Oscar-nominated actress Lily Gladstone has boarded the award-winning documentary Sugarcane as executive producer.
From first-time director and TIME100 Next honoree Julian Brave NoiseCat and Emmy®- and Peabody-nominated investigative journalist, director, producer and cinematographer Emily Kassie, Sugarcane is an epic, nuanced and sensitive cinematic portrait of a community during a moment of international reckoning. Amidst the groundbreaking investigation into abuse and deaths at an Indian residential school in Canada, the film’s courageous participants break cycles of intergenerational trauma by facing painful, long-ignored truths and rebuilding broken family bonds.
Raised on the Blackfeet Reservation, Gladstone is of Piegan Blackfeet, Nez Perce and European heritage. Gladstone was the first Native American to win the Golden Globe® Award for Best Actress in a Motion Picture – Drama and be nominated for the Academy Award® for Best Actress for their work in “Killers of the Flower Moon.”
Previously, Gladstone was honored at 2023’s Variety’s Power of Women event for her work as an advocate for Indigenous women’s rights. The actor works closely with the National Indigenous Women’s Resource Center (NIWRC), a nonprofit that aims to end violence against Indigenous women. The NIWRC has created a database that allows individuals to search for legislation regarding missing and murdered Indigenous women across states.
“You’re not going to find any Indigenous person in North America, Canada, the US, elsewhere, or really Indigenous people worldwide that didn’t go through some kind of program like this,” Gladstone told Vanity Fair. “My grandmother, who I lived with from age 11 until she passed away two summers ago—she’s a boarding school survivor. I don’t know if my grandmother ever allowed for that space to open up enough for her to heal from it. I think she was surviving from whatever it was she witnessed,” Gladstone said. Adding of the film, “There’s no mincing words. There’s nothing edited out. You’re talking to survivors and you’re confronting that grief and you’re confronting that reality in a way that needs to be done because it’s a hard thing for people to palate.”

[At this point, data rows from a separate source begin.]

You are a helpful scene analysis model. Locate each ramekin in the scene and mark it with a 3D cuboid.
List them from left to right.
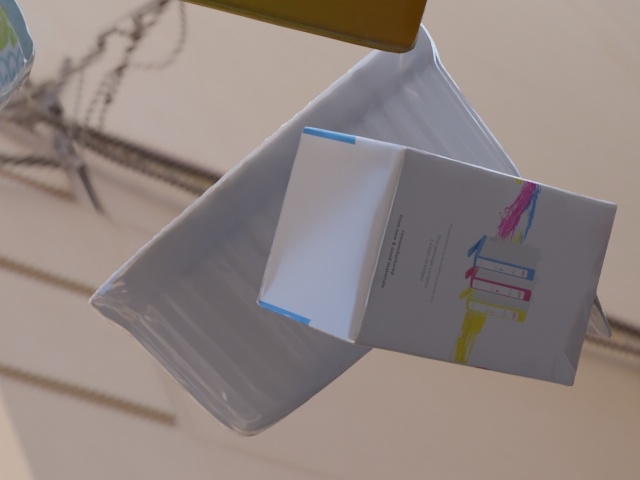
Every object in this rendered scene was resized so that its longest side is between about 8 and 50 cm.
[{"bbox_3d":[0.000,0.000,1.233,0.277,0.277,0.135,-41,-89,10],"label":"ramekin"}]

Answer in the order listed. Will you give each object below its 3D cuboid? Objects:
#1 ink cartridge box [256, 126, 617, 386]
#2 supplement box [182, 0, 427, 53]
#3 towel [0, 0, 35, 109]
[{"bbox_3d":[0.062,0.009,0.905,0.143,0.092,0.090,13,-88,-32],"label":"ink cartridge box"},{"bbox_3d":[-0.130,-0.200,0.610,0.356,0.195,0.194,10,-80,-40],"label":"supplement box"},{"bbox_3d":[-0.365,-0.184,1.208,0.090,0.320,0.374,-35,-78,30],"label":"towel"}]
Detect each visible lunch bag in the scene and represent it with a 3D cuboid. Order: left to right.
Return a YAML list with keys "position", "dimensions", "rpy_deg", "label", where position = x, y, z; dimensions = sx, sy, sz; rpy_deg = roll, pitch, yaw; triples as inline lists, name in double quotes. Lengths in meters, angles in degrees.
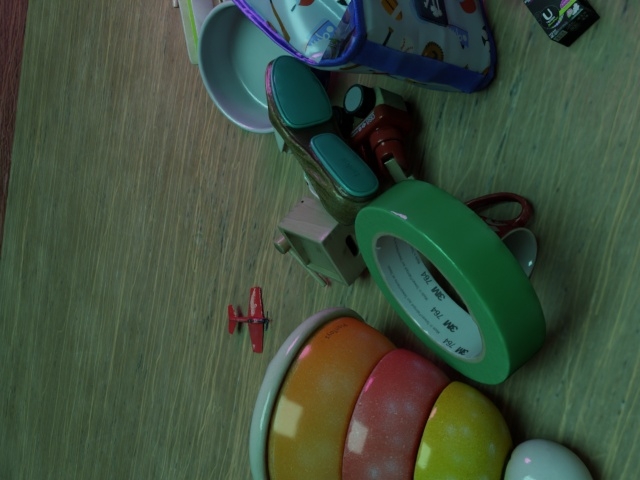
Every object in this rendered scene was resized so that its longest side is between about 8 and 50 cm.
- position: [0.070, -0.384, 1.122]
  dimensions: [0.385, 0.328, 0.239]
  rpy_deg: [56, 129, 34]
  label: "lunch bag"

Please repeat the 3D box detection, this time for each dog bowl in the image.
- position: [-0.114, -0.353, 1.401]
  dimensions: [0.265, 0.104, 0.264]
  rpy_deg: [20, 128, 28]
  label: "dog bowl"

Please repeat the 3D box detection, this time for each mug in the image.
- position: [0.248, -0.002, 1.105]
  dimensions: [0.169, 0.150, 0.113]
  rpy_deg: [28, 147, 49]
  label: "mug"

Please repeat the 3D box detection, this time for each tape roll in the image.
- position: [0.181, 0.063, 1.035]
  dimensions: [0.321, 0.077, 0.321]
  rpy_deg: [49, 164, 19]
  label: "tape roll"

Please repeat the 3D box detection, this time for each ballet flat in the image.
- position: [-0.012, -0.162, 1.201]
  dimensions: [0.342, 0.116, 0.124]
  rpy_deg: [57, 148, 24]
  label: "ballet flat"

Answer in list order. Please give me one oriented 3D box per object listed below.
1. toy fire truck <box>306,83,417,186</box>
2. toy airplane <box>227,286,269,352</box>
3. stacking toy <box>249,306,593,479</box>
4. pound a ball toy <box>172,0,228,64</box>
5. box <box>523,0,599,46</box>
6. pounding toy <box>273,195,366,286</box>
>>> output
- position: [0.094, -0.113, 1.241]
  dimensions: [0.217, 0.159, 0.246]
  rpy_deg: [-40, 51, 39]
  label: "toy fire truck"
- position: [-0.166, 0.177, 1.585]
  dimensions: [0.151, 0.028, 0.151]
  rpy_deg: [1, 92, 47]
  label: "toy airplane"
- position: [0.163, 0.316, 1.070]
  dimensions: [0.480, 0.351, 0.350]
  rpy_deg: [12, 98, 32]
  label: "stacking toy"
- position: [-0.255, -0.564, 1.585]
  dimensions: [0.208, 0.136, 0.319]
  rpy_deg: [-152, 51, -63]
  label: "pound a ball toy"
- position: [0.347, -0.335, 1.017]
  dimensions: [0.062, 0.052, 0.083]
  rpy_deg: [-44, 58, 36]
  label: "box"
- position: [0.000, 0.005, 1.354]
  dimensions: [0.206, 0.181, 0.094]
  rpy_deg: [22, 63, 45]
  label: "pounding toy"
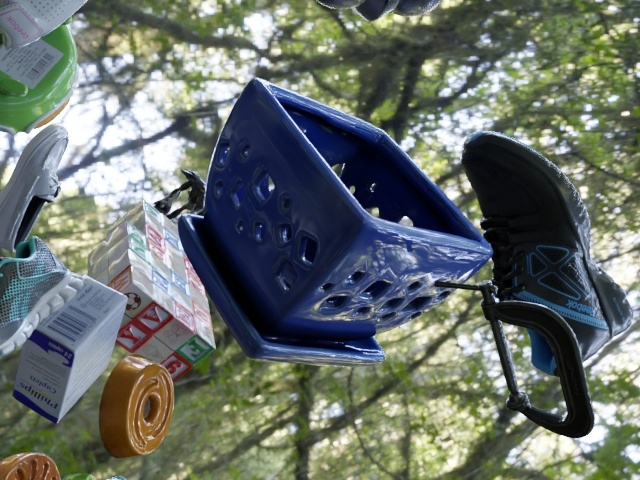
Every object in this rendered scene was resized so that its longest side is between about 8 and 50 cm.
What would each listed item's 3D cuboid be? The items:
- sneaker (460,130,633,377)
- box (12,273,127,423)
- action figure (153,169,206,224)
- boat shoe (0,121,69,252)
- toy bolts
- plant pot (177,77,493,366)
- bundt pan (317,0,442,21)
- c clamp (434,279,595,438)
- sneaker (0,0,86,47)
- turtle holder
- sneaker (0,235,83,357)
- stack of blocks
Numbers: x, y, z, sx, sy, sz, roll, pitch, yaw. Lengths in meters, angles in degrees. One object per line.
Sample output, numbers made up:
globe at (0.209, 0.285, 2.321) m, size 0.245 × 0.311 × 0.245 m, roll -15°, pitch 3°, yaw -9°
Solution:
sneaker at (0.264, 0.021, 1.023) m, size 0.341 × 0.139 × 0.125 m, roll 54°, pitch -15°, yaw -16°
box at (-0.319, 0.136, 1.048) m, size 0.072 × 0.126 × 0.137 m, roll 27°, pitch -56°, yaw 5°
action figure at (-0.275, -0.042, 1.739) m, size 0.164 × 0.141 × 0.275 m, roll 39°, pitch -33°, yaw -9°
boat shoe at (-0.381, -0.069, 1.102) m, size 0.063 × 0.184 × 0.066 m, roll 29°, pitch -12°, yaw 10°
toy bolts at (-0.239, 0.236, 0.834) m, size 0.158 × 0.218 × 0.229 m, roll 3°, pitch -35°, yaw 20°
plant pot at (0.000, 0.000, 0.877) m, size 0.212 × 0.235 × 0.236 m, roll -53°, pitch -128°, yaw 20°
bundt pan at (0.079, -0.370, 0.833) m, size 0.124 × 0.330 × 0.331 m, roll -112°, pitch -145°, yaw -49°
c clamp at (0.183, 0.106, 0.747) m, size 0.137 × 0.022 × 0.161 m, roll -2°, pitch -66°, yaw 52°
sneaker at (-0.255, -0.231, 0.612) m, size 0.111 × 0.103 × 0.252 m, roll -44°, pitch -125°, yaw -5°
turtle holder at (-0.580, -0.305, 1.420) m, size 0.227 × 0.320 × 0.244 m, roll 121°, pitch -29°, yaw -66°
sneaker at (-0.289, 0.054, 0.747) m, size 0.064 × 0.166 × 0.076 m, roll -22°, pitch -72°, yaw 25°
stack of blocks at (-0.265, 0.056, 1.267) m, size 0.087 × 0.171 × 0.297 m, roll -39°, pitch -148°, yaw 10°
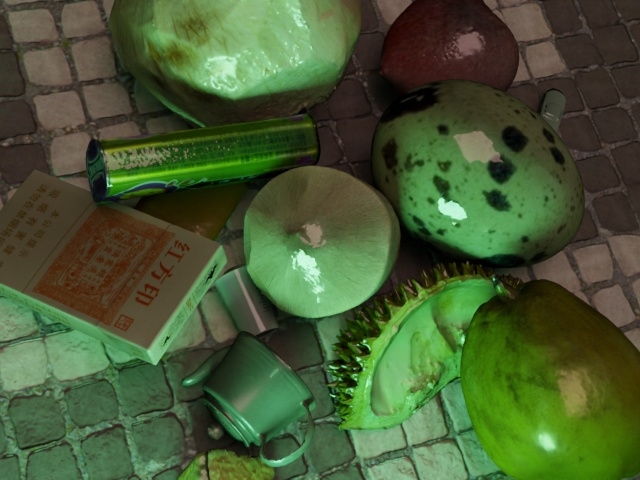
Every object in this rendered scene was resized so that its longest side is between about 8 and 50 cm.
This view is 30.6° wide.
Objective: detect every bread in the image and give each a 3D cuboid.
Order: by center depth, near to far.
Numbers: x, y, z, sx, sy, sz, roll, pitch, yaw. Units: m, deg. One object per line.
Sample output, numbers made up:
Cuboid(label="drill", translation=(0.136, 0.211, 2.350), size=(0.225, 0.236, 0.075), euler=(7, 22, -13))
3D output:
Cuboid(label="bread", translation=(-0.140, 0.443, 1.686), size=(0.141, 0.178, 0.266), euler=(-16, 65, 13))
Cuboid(label="bread", translation=(-0.244, -0.001, 1.865), size=(0.138, 0.077, 0.361), euler=(30, 63, 0))

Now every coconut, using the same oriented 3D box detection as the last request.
Cuboid(label="coconut", translation=(0.000, 0.000, 1.812), size=(0.237, 0.266, 0.237), euler=(1, 94, 12))
Cuboid(label="coconut", translation=(-0.146, -0.370, 1.866), size=(0.415, 0.415, 0.345), euler=(-7, 37, -18))

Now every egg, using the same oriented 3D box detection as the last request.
Cuboid(label="egg", translation=(0.259, -0.103, 1.928), size=(0.379, 0.287, 0.288), euler=(37, 63, -6))

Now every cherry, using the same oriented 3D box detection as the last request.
Cuboid(label="cherry", translation=(0.221, -0.322, 2.071), size=(0.239, 0.206, 0.239), euler=(-5, 72, 15))

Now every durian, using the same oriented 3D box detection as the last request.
Cuboid(label="durian", translation=(0.174, 0.151, 1.865), size=(0.394, 0.163, 0.198), euler=(-26, 81, -22))

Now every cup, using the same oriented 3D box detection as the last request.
Cuboid(label="cup", translation=(-0.105, 0.097, 1.871), size=(0.104, 0.074, 0.116), euler=(-11, 71, -50))

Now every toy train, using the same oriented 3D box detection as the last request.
Cuboid(label="toy train", translation=(0.409, -0.198, 2.145), size=(0.043, 0.047, 0.208), euler=(24, 64, -5))

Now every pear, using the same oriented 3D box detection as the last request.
Cuboid(label="pear", translation=(0.355, 0.216, 1.806), size=(0.287, 0.287, 0.375), euler=(-29, 91, -24))

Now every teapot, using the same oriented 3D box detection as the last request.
Cuboid(label="teapot", translation=(-0.107, 0.247, 1.752), size=(0.149, 0.162, 0.239), euler=(-43, 56, -17))

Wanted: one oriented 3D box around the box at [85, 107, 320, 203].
Cuboid(label="box", translation=(-0.178, -0.131, 1.802), size=(0.345, 0.134, 0.097), euler=(-10, 85, -22))

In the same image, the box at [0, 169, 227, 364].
Cuboid(label="box", translation=(-0.344, 0.033, 1.758), size=(0.365, 0.051, 0.205), euler=(21, 60, 22))
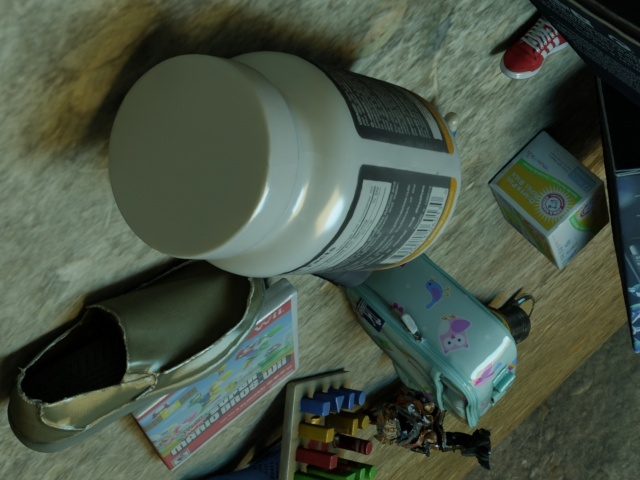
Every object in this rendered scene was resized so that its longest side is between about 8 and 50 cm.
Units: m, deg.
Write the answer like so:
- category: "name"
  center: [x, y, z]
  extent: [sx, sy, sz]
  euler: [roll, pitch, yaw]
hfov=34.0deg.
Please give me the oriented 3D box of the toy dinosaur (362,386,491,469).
- category: "toy dinosaur"
  center: [0.183, 0.293, 1.806]
  extent: [0.322, 0.219, 0.164]
  euler: [-60, 145, -68]

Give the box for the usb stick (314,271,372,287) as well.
- category: "usb stick"
  center: [0.000, 0.000, 1.064]
  extent: [0.077, 0.045, 0.278]
  euler: [-46, 158, 7]

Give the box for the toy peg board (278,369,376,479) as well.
- category: "toy peg board"
  center: [0.021, 0.273, 1.449]
  extent: [0.161, 0.079, 0.160]
  euler: [-1, 97, -61]

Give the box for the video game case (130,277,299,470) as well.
- category: "video game case"
  center: [-0.108, 0.157, 1.158]
  extent: [0.204, 0.025, 0.285]
  euler: [-38, 162, -15]

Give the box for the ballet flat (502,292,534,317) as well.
- category: "ballet flat"
  center: [0.343, 0.159, 1.979]
  extent: [0.173, 0.057, 0.049]
  euler: [-54, -163, 26]

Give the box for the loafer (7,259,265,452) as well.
- category: "loafer"
  center: [-0.152, 0.088, 0.890]
  extent: [0.251, 0.094, 0.087]
  euler: [-36, 161, -19]

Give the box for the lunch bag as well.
- category: "lunch bag"
  center: [0.142, 0.121, 1.294]
  extent: [0.108, 0.224, 0.279]
  euler: [-42, 159, -5]

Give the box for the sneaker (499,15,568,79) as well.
- category: "sneaker"
  center: [0.233, -0.216, 1.085]
  extent: [0.118, 0.042, 0.067]
  euler: [-39, 163, -32]

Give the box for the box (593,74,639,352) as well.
- category: "box"
  center: [0.530, -0.055, 1.364]
  extent: [0.294, 0.212, 0.395]
  euler: [-9, 140, 15]

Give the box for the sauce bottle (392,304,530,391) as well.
- category: "sauce bottle"
  center: [0.244, 0.161, 1.710]
  extent: [0.344, 0.111, 0.111]
  euler: [-12, 143, -56]

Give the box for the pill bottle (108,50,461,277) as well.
- category: "pill bottle"
  center: [-0.017, -0.054, 0.781]
  extent: [0.162, 0.162, 0.278]
  euler: [-52, 156, 20]

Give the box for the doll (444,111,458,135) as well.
- category: "doll"
  center: [0.096, -0.084, 1.079]
  extent: [0.129, 0.046, 0.189]
  euler: [-52, 157, 23]

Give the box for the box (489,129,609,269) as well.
- category: "box"
  center: [0.320, -0.051, 1.443]
  extent: [0.103, 0.114, 0.203]
  euler: [-45, 157, 2]

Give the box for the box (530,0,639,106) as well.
- category: "box"
  center: [0.433, -0.313, 0.869]
  extent: [0.479, 0.297, 0.472]
  euler: [-55, 155, 11]

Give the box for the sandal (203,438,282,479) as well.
- category: "sandal"
  center: [-0.078, 0.347, 1.482]
  extent: [0.138, 0.126, 0.317]
  euler: [-54, 165, 10]
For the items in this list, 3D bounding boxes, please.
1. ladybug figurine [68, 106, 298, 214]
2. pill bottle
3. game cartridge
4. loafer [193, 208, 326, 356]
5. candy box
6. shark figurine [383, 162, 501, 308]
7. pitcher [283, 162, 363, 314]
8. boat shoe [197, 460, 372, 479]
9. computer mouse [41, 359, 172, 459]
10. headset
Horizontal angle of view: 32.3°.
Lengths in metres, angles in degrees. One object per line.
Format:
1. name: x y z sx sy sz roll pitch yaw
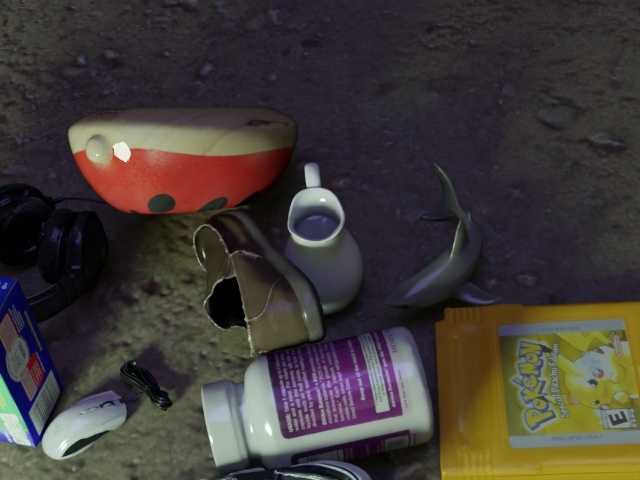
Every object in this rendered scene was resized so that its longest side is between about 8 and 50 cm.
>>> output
1. ladybug figurine: -0.213 -0.131 1.765 0.305 0.162 0.449 4 8 34
2. pill bottle: -0.006 0.229 1.536 0.301 0.169 0.169 -12 50 -4
3. game cartridge: 0.328 0.212 1.587 0.323 0.053 0.285 -2 50 4
4. loafer: -0.124 0.057 1.653 0.130 0.134 0.366 -21 26 -20
5. candy box: -0.566 0.158 1.598 0.317 0.268 0.122 8 49 14
6. shark figurine: 0.210 -0.005 1.715 0.166 0.116 0.278 7 44 17
7. pitcher: 0.000 0.000 1.700 0.125 0.207 0.178 -5 50 3
8. boat shoe: -0.080 0.342 1.431 0.301 0.102 0.108 -9 74 25
9. computer mouse: -0.325 0.254 1.635 0.193 0.042 0.106 -32 55 -18
10. headset: -0.450 -0.028 1.791 0.243 0.185 0.394 22 48 22
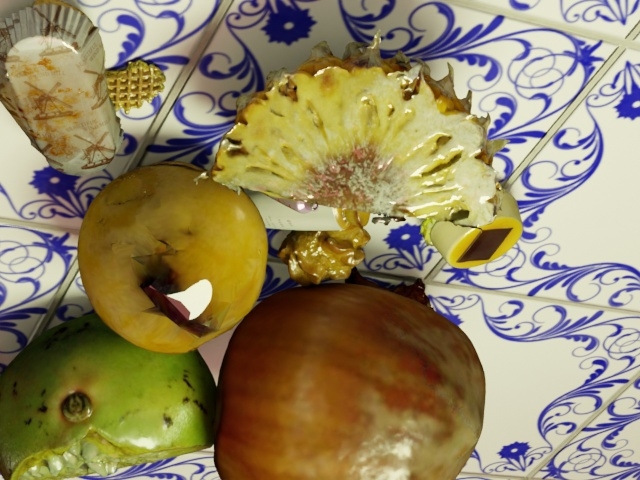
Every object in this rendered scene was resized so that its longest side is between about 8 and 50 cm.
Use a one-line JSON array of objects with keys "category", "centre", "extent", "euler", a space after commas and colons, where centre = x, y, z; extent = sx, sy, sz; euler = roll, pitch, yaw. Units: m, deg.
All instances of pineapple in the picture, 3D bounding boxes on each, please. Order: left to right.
[{"category": "pineapple", "centre": [0.042, -0.151, 1.779], "extent": [0.344, 0.286, 0.209], "euler": [9, 102, -4]}]

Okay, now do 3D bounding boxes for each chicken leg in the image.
[{"category": "chicken leg", "centre": [0.086, 0.080, 2.170], "extent": [0.205, 0.053, 0.093], "euler": [16, 116, -42]}]

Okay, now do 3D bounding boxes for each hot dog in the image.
[{"category": "hot dog", "centre": [-0.287, -0.163, 1.703], "extent": [0.131, 0.069, 0.252], "euler": [-9, 142, 3]}]

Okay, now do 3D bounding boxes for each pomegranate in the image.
[{"category": "pomegranate", "centre": [-0.290, 0.209, 2.111], "extent": [0.310, 0.216, 0.358], "euler": [-15, 174, 7]}]

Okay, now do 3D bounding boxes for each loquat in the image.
[{"category": "loquat", "centre": [-0.179, 0.018, 1.852], "extent": [0.235, 0.235, 0.235], "euler": [-8, 144, -6]}]

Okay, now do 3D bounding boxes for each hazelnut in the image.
[{"category": "hazelnut", "centre": [0.029, 0.217, 2.003], "extent": [0.366, 0.365, 0.365], "euler": [-8, 144, -6]}]

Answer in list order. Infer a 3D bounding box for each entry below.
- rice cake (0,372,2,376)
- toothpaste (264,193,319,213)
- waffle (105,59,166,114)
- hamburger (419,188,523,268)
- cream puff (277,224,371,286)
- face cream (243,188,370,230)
[{"category": "rice cake", "centre": [-0.451, 0.260, 2.196], "extent": [0.050, 0.106, 0.298], "euler": [-10, 146, 14]}, {"category": "toothpaste", "centre": [-0.056, -0.064, 1.856], "extent": [0.045, 0.170, 0.028], "euler": [20, 94, -42]}, {"category": "waffle", "centre": [-0.219, -0.176, 1.757], "extent": [0.085, 0.016, 0.078], "euler": [-22, 144, 13]}, {"category": "hamburger", "centre": [0.197, -0.023, 2.039], "extent": [0.141, 0.081, 0.126], "euler": [-13, 148, -20]}, {"category": "cream puff", "centre": [0.000, 0.000, 1.979], "extent": [0.094, 0.116, 0.122], "euler": [22, 114, -42]}, {"category": "face cream", "centre": [-0.028, -0.041, 1.917], "extent": [0.182, 0.051, 0.072], "euler": [1, 146, 22]}]
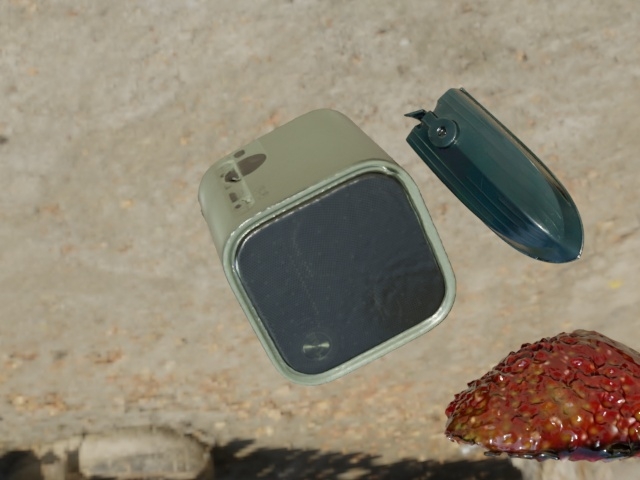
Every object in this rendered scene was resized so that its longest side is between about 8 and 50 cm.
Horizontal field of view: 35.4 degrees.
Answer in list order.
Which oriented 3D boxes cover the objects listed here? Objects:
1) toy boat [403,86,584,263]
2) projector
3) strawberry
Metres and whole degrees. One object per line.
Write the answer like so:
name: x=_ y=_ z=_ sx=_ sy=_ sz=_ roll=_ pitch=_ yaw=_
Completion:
toy boat: x=0.243 y=-0.078 z=1.345 sx=0.114 sy=0.296 sz=0.122 roll=-49 pitch=155 yaw=17
projector: x=0.000 y=0.000 z=1.290 sx=0.248 sy=0.249 sz=0.248 roll=-27 pitch=116 yaw=-3
strawberry: x=0.286 y=0.175 z=1.154 sx=0.233 sy=0.137 sz=0.306 roll=10 pitch=-176 yaw=43
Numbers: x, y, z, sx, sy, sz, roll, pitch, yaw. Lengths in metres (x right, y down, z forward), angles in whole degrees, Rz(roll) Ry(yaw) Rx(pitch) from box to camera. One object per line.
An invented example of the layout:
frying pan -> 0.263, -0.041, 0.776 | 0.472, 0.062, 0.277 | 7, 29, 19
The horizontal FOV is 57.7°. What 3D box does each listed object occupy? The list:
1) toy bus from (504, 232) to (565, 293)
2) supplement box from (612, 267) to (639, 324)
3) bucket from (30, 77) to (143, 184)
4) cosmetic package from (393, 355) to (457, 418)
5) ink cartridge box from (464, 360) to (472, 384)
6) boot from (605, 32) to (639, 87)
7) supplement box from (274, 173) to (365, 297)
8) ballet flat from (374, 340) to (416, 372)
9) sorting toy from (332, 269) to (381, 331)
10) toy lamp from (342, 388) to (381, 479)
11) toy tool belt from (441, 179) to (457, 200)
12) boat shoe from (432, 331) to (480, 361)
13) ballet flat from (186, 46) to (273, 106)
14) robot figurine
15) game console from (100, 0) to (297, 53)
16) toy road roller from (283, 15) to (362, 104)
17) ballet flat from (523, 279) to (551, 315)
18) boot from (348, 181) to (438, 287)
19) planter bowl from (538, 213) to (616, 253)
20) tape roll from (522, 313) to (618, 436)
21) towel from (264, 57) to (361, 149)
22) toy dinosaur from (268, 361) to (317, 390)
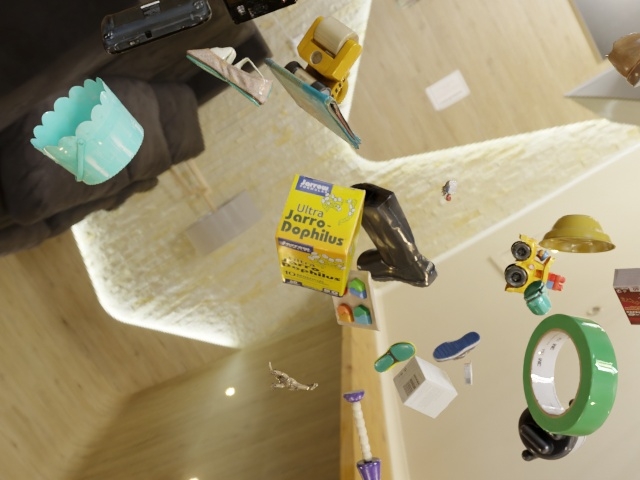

After making its world premiere at the Sundance Film Festival earlier this year — where it won the U.S. Documentary Competition Directing Award — the film went on to receive the Center for Documentary Studies Filmmaker Award from the Full Frame Documentary Film Festival and the 2024 Filmmaker Award from the Margaret Mead Film Festival. To date, Sugarcane has won 17 awards, including Best Documentary Feature awards from Mountainfilm, the San Francisco International Film Festival, the San Luis Obispo International Film Festival and the Sarasota Film Festival, along with Special Jury Prizes at the Seattle International Film Festival and the International Film Festival of Boston.
Sugarcane opened theatrically in the U.S. in August 2024 and will stream later this year on Hulu and Disney+. This week, the film was nominated for eight Critics Choice Awards — the most of any film — including Best Director, Best New Documentary Filmmakers, Best Cinematography, Best Editing, Best Historical Documentary, Best Political Documentary, Best True Crime Documentary, and Best Documentary Feature.
Alongside the film’s theatrical release, the filmmakers have conducted a screening tour of First Nations and Tribal communities across North America. These “Rez Tour” screenings offer Indigenous communities an accessible, intimate and safe way to watch the film prior to its streaming release. Each screening is organized in coordination with First Nations and Tribal community leaders and highlights local or regional resources and health support for Indigenous Peoples and families who have been impacted by residential schools in Canada and Indian boarding schools in the United States. The Sugarcane “Rez Tour” began just weeks after the Department of the Interior released its most recent Federal Indian Boarding School Initiative Investigative Report, which found that nearly 1,000 children died at the more than 400 schools funded by the U.S. federal government.